The results from the Williams et al. (2023) survey are not surprising. In general, traditional statistical data privacy methods are more intuitive and easier to explain, such as why data curators should remove unique records. In contrast, formally private methods are more complex and lack an intuitive definition. Although there has been an explosion of new communication materials to explain formal privacy and other data privacy concepts,2 such efforts are trying to fill a chasm and we are not even close. To put it into perspective, if we asked random economists to recommend their favorite education or communication materials about, say, machine learning or artificial intelligence, many would have a favorite book or blog series in mind. They may even have suggested materials that are more focused on concepts, or a perspective from a certain field, or on coding. If we asked random economists the same question, but for data privacy in the context of safe access to administrative and survey data, they likely would have few recommendations or even none at all.

One way to address the lack of education and communication materials is to teach the next generation and increase the number of those in the field. Yet despite the need for data privacy education, most higher education institutions do not offer dedicated courses on the topic. When data privacy is taught, it is typically at the graduate level within computer science departments. Some undergraduate professors who research data privacy and confidentiality may introduce these topics in seminar courses, but they are not usually stand-alone courses.

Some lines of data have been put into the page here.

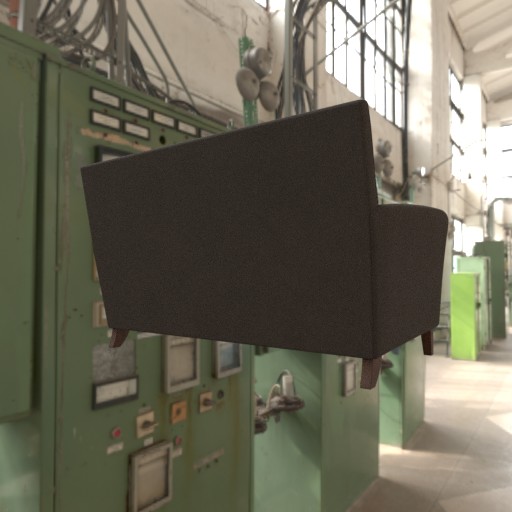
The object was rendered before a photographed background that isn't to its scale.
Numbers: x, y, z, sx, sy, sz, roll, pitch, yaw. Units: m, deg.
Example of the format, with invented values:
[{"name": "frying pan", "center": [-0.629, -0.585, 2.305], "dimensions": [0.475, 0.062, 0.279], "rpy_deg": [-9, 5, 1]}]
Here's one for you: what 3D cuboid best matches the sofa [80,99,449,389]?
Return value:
[{"name": "sofa", "center": [0.000, 0.000, 1.955], "dimensions": [1.420, 0.846, 0.871], "rpy_deg": [-1, -3, 36]}]
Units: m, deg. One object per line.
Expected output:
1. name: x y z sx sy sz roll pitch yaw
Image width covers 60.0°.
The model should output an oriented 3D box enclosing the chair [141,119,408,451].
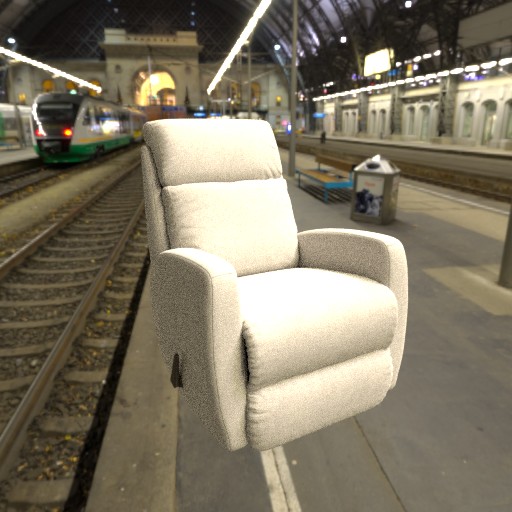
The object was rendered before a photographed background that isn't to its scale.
1. chair: 0.000 0.000 1.704 0.812 1.015 0.941 -9 19 -28
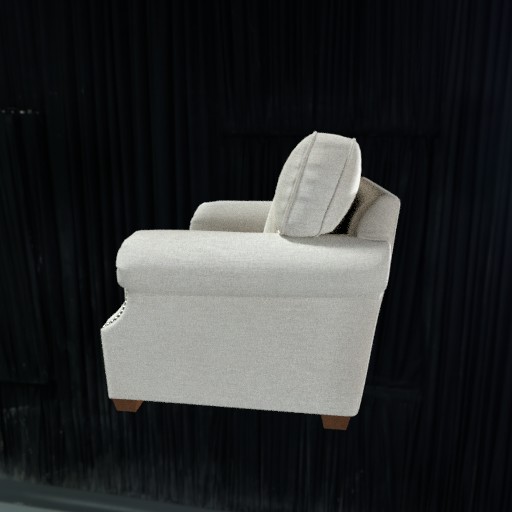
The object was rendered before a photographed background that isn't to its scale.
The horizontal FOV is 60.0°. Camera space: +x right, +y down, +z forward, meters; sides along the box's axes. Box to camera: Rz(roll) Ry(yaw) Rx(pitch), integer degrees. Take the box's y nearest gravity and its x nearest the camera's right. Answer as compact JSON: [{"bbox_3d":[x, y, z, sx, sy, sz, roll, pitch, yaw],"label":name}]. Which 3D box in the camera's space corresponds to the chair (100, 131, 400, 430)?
[{"bbox_3d":[0.000,0.000,1.841,0.965,0.961,1.092,2,14,8],"label":"chair"}]
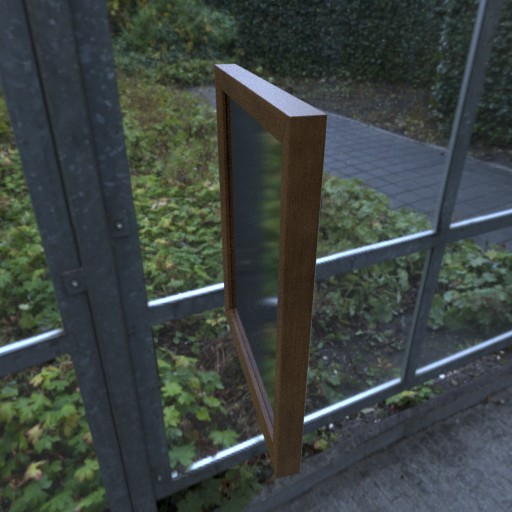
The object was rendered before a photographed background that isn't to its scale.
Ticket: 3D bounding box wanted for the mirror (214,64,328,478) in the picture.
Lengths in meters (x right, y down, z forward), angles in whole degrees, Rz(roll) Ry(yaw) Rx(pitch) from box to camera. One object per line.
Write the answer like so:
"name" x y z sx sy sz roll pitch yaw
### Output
"mirror" 0.000 0.000 0.688 0.041 0.508 0.405 -7 30 -12
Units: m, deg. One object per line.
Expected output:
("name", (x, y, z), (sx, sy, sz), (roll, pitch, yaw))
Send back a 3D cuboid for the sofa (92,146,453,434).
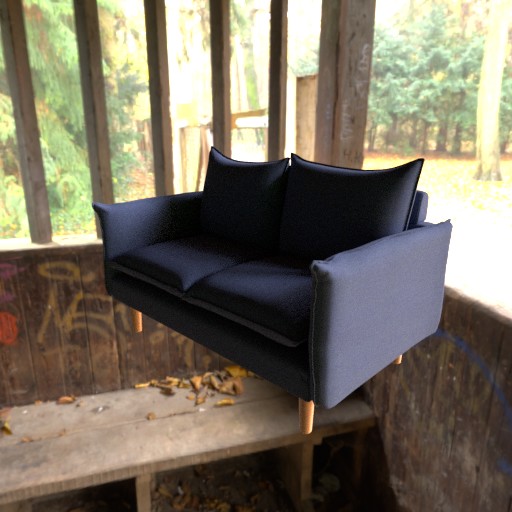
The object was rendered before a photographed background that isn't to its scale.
("sofa", (0.000, 0.000, 1.861), (1.300, 0.840, 0.820), (16, 23, 42))
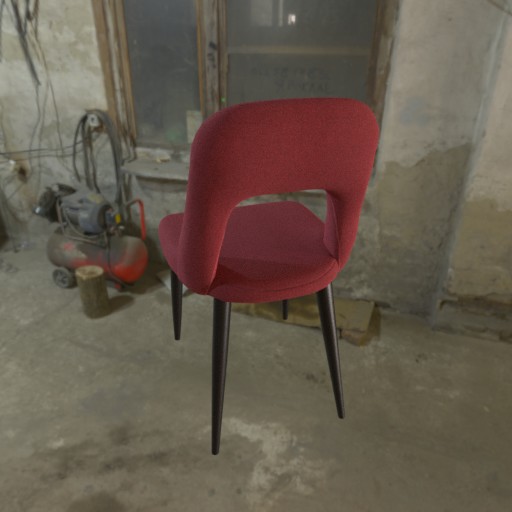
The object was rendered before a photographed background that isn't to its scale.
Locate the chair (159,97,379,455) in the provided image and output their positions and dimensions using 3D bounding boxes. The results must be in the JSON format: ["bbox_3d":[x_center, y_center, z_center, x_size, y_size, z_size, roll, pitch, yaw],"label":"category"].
[{"bbox_3d":[0.000,0.000,1.222,0.483,0.892,0.569,-8,28,-16],"label":"chair"}]
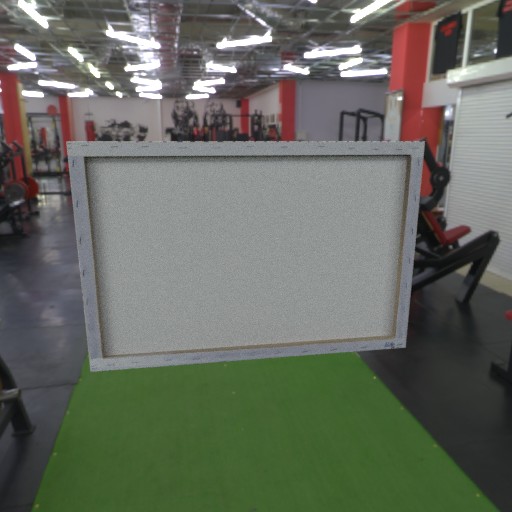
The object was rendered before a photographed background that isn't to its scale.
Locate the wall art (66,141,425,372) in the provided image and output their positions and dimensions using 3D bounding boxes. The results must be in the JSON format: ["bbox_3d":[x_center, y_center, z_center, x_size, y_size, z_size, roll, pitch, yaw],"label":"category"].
[{"bbox_3d":[0.000,0.000,1.513,1.143,0.757,0.038,-2,15,-9],"label":"wall art"}]
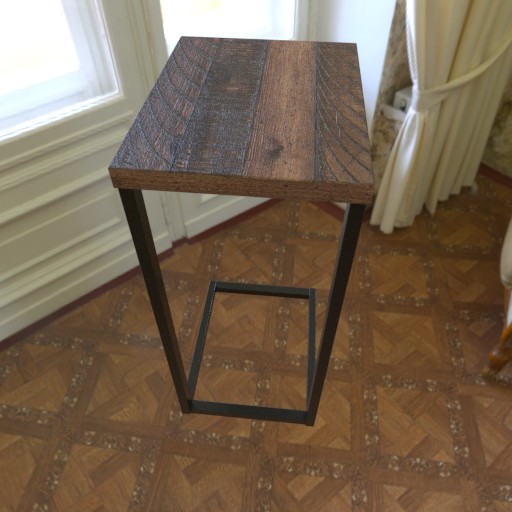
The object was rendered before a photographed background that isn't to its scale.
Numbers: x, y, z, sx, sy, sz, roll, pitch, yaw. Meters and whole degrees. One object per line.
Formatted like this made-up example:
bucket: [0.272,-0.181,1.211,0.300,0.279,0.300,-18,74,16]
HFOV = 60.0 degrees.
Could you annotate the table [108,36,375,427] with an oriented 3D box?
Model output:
table: [0.000,0.000,0.930,0.323,0.718,0.414,4,47,4]

As a result, individuals with technical backgrounds outside of computer science, such as economists, are greatly underrepresented in this important area of study. Therefore, other departments outside of computer science should consider hosting their own statistical data privacy courses or incorporating these concepts into existing courses. When integrating these statistical data privacy concepts, professors can encourage students to consider the legal, social, and ethical implications of data privacy, ethics, and equity. They can also delve into the principles of data guardianship, custodianship, and data permissions (Williams and Bowen 2023).

11.3.2 Addressing data equity in data privacy

The methods used to protect individuals’ information do not always have an equal impact on all groups represented in the data. A published dataset might ensure the privacy of people who are the majority in the dataset but fail to ensure the privacy of those in smaller groups. Similarly, alterations to the data may be more useful for learning about some groups more than others. Ultimately, how entities collect and share data can have varying effects on underrepresented groups of people.

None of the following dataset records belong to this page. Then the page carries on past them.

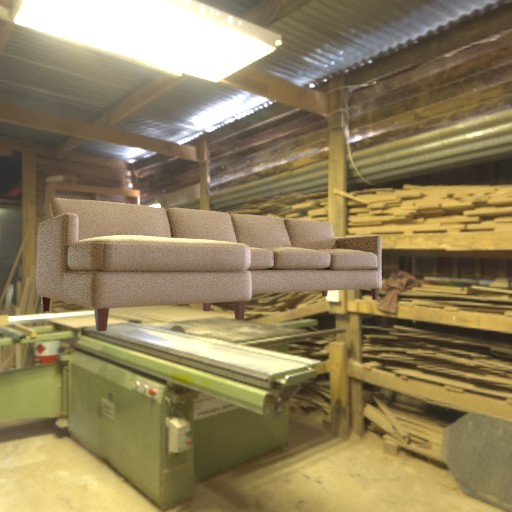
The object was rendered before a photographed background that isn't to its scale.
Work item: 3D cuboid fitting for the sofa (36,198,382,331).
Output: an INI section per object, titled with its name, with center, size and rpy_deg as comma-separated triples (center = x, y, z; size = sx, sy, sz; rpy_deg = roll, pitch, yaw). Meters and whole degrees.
[sofa]
center = 0.000, 0.000, 3.805
size = 3.201, 0.876, 1.502
rpy_deg = 1, -2, -37
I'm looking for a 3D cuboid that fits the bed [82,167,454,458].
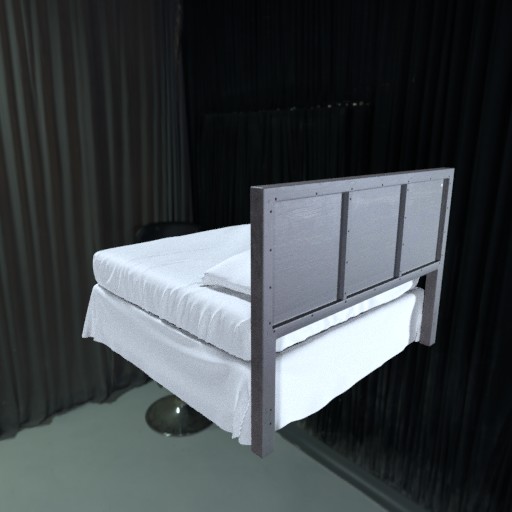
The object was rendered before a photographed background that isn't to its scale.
[{"bbox_3d":[0.000,0.000,2.897,1.772,1.142,1.785,-14,20,-42],"label":"bed"}]
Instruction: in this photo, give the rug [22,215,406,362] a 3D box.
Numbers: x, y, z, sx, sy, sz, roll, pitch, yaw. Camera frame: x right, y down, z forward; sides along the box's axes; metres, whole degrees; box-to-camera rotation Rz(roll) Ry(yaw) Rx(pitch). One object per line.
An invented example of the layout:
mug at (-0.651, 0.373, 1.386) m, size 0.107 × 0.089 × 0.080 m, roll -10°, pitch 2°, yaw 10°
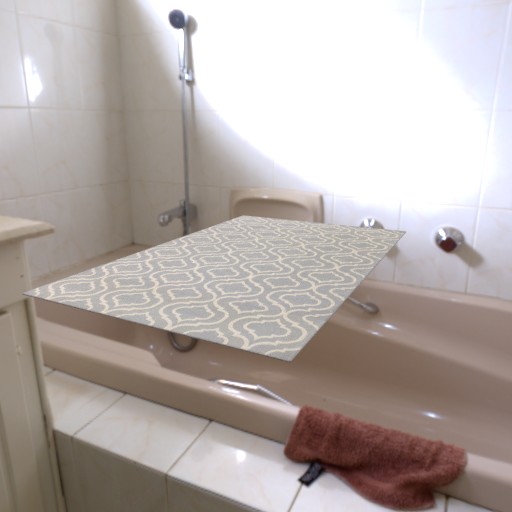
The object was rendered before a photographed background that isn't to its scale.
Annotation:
rug at (0.000, 0.000, 2.211) m, size 1.141 × 0.015 × 1.749 m, roll 9°, pitch 19°, yaw 27°
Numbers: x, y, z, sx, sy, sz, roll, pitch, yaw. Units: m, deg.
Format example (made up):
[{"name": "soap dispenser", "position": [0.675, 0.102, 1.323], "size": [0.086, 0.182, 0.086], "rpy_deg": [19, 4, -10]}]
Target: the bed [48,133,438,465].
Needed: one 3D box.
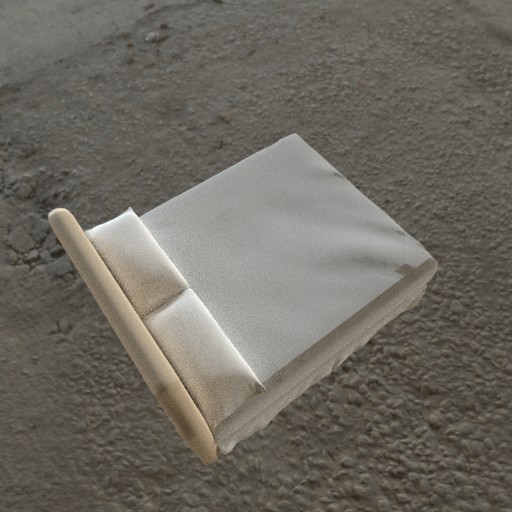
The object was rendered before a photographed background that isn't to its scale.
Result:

Although there are many discussions on data equity and data privacy, few conversations focus on equity in privacy. In light of this (and as we learned in the previous class), Bowen and Snoke (2023) developed a guide as part of the “Do No Harm Guides” series. This fourth installment of the series focuses on exploring the current state of equity-focused work in statistical data privacy. The authors conducted interviews with nine experts in privacy-preserving methods and data-sharing, including researchers and practitioners from academia, government, and industry sectors with diverse technical backgrounds. The authors asked about the experience of these experts in implementing statistical data privacy methods and how they define equity in the context of privacy, among other topics. The authors then created an illustrative example to highlight potential disparities that can result from applying various statistical data privacy concepts (including suppression, synthetic data, and differential privacy) without an equitable workflow. Here are some of their key takeaways: do not treat equity as a separate field of study; work with groups represented in your data; and there is no methodological silver bullet.

11.3.3 Engaging with data privacy issues

There are a few prominent options for learning about data privacy methods and becoming involved in these topics besides becoming a privacy researcher. For instance, the Joint Program in Survey Methodology at the University of Maryland has been offering a course on synthetic data.3 The Urban Institute offered an all-day course at the 2023 Joint Statistical Meetings, where the instructors introduced the basics of data privacy.4 The Urban Institute has also offered similar trainings for the Bureau of Economic Analysis, Allegheny County, and the Statistics of Income Division.

There is currently no dedicated conference focused on the intersection of data privacy and public policy, but interest in the field is growing. In 2023, the National Bureau of Economic Research5 and National Institute of Statistical Sciences6 hosted separate data privacy workshops that brought together privacy experts and data users. Attendees from these workshops are currently organizing the first ever Privacy and Public Policy Conference in 2024 with the goal “to foster and enhance collaboration among privacy experts, researchers, data stewards, data practitioners, and public policymakers.”7 With the recent surge of venues, the time is obviously ripe to help shape the future of data privacy, make meaningful contributions to its policy debates, and ensure the responsible representation of people in data.


  1. “Pretty Good Privacy is an encryption program that provides cryptographic privacy and authentication for data communication.” from https://en.wikipedia.org/wiki/Pretty_Good_Privacy↩︎

  2. One of my favorites is a video created by minutephysics for the US Census Bureau, available at “Protecting Privacy with MATH (Collab with the Census),” (accessed on June 27, 2024).↩︎

  3. “Synthetic Data: Balancing Confidentiality and Quality in Public Use Files,” a course by Joerg Drechsler and Jerome P. Reiter. Course schedule no longer available.↩︎

  4. See “Introduction to Data Privacy and Data Synthesis Techniques,” a course by Aaron R. Williams and Claire McKay Bowen.↩︎

  5. “Data Privacy Protection and the Conduct of Applied Research: Methods, Approaches, and their Consequences, Spring 2023,” hosted by the National Bureau of Economic Research. Event site no longer available.↩︎

  6. IOF Workshop: Advancing Demographic Equity with Privacy Preserving Methodologies,” hosted by the National Institute of Statistical Sciences↩︎

  7. Privacy and Public Policy Conference↩︎